### [What is needed]
Return all of the data below verbatim and exclude every picture.

** Data for this task follows **

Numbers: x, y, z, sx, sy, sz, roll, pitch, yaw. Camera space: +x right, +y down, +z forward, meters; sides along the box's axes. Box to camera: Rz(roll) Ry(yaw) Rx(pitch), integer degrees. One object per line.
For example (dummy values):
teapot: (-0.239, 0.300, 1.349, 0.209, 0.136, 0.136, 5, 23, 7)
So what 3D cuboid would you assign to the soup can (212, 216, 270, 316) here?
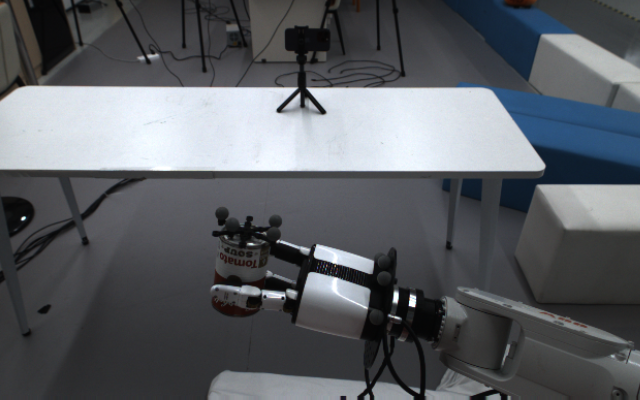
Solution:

** End of Data for this task **

### [Your response]
Numbers: x, y, z, sx, sy, sz, roll, pitch, yaw. Camera space: +x right, +y down, +z forward, meters; sides along the box's axes. Box to camera: Rz(roll) Ry(yaw) Rx(pitch), integer degrees. One object per line.
For example (dummy values):
teapot: (-0.239, 0.300, 1.349, 0.209, 0.136, 0.136, 5, 23, 7)
So what 3D cuboid would you assign to the soup can (212, 216, 270, 316) here?
Solution:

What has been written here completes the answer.